DPD couriers are useless useless cunts. Missed a shock absorber delivery. The card said theyd left my delivery at 48. I went to 48. Nothing there. I rang them. They said sorry, when we've checked the tracker it was actually signed for by Colin at 80. So I went to number 80 (crazy Bill with altzeimers) and theres nothing there. I tried 82. Nothing there. I rang DPD back. They said Ive checked the tracker and theres a photo of the house hes left it at. It might be 52. Youd better try 52. If its not at 52 contact ebay seller.

Fucking grand. Well played. Three guesses then give up. Cant correctly record where a parcel has been delivered even with global satillite technology, photographic evidence, driver testimony and global google mapping at their disposal.

 

Avoid if possible.

 

Your precious shit may end up with Colin at an undisclosed address.

Posted

Another gumtree moan, after having little success with the email thing I have finally got one who replied! Woo Hoo! Well not quite, despite me messaging him three times to say I will buy it and can collect today, also leaving a number AND him replying that he will contact me that evening, I still haven't heard anything.

 

Most annoying thing is the ad starts with NEED THIS GONE ASAP

 

Aaarrrggghhhhhhhhhh!

Posted

what did you do?

 

Took voluntary redundancy and never looked back.

  • Like 1
Posted

Parking Eye.  They can FRO.  In the post today was a 'parking charge notice' for £85 (or fifty quid if I bend over within 14 days like a good boy), claiming I hadn't bought a ticket for parking at some shitty retail park in Walsall.

 

Lucky I kept the ticket, then.  Appeal with photographic evidence duly lodged.

 

Chancers...

Posted

I've got a ticket off those shitehawks, for overstaying my welcome in a Morrisons car park last weekend

Posted

The best course of action is to just ignore them.

 

As soon as you reply, they realise you're real and apparently start harassing you even more.

 

 

I keep getting notices through the post for a ticket I got at work. The twunts at the university have Parking Eye or Smart Parking or who-the-fuck-ever patrolling the place. They dobbed me in for not having a valid parking pass, even though I was displaying one on the dash.

 

It's hilarious how much the charge goes up and down with the letters. The letters have also come from about 3 different companies so far, all claiming to be working on behalf of the parking shitehawks, and every letter has a different amount on it. I've also lost count of how many times they've threatened to take me to court. My reaction is "Go on then! Fucking do it already!"

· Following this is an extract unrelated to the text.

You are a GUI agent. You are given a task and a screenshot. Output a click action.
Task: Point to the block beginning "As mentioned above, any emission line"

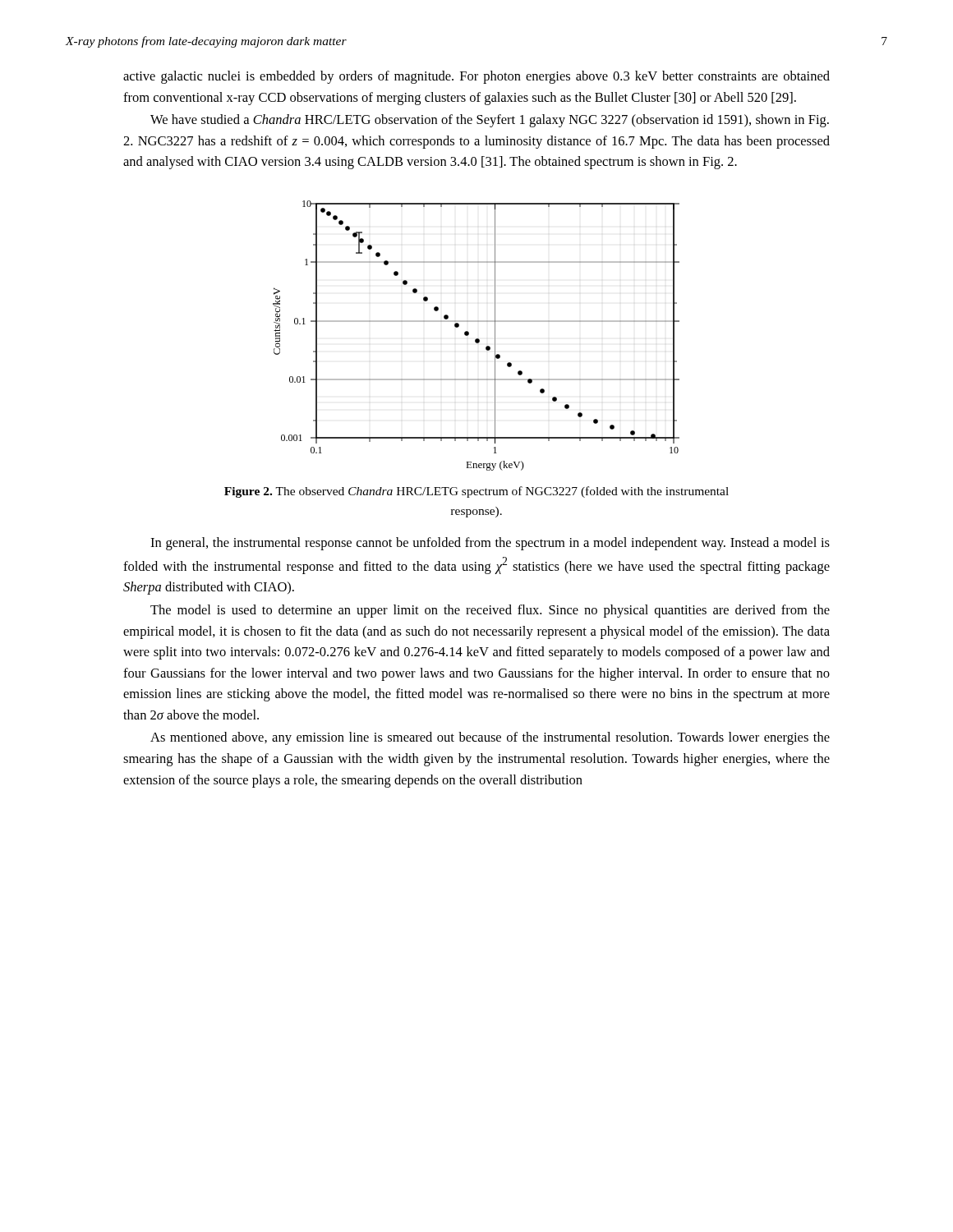476,758

They also keep citing a 'landmark case' called Beavis Vs Parking Eye, neglecting the fact that the guy fighting Parking Eye made the mistake of admitting he was driving the car at the time. In my case (and many others) they need to prove who was driving the car when it was parked. Meaning their claim that it's a 'landmark case' is complete fucking bollocks.

 

Utter shitehawks.

 

/rant

 

 

Can you tell I absolutely hate private parking companies? They're the sort of people I wouldn't piss on even if they were on fire.

Posted

Fired up my diagnostic laptop for the first time in ages to find my legit* copy of Lexia (Citroen shit) doesn't work

 

Arses.

Posted

Mine needs uninstalled an reinstalled every now and then. This is particularly tedious as installation takes literally hours, which I just dont understand since the software appears to have the complexity of a handfull of Ceefax pages.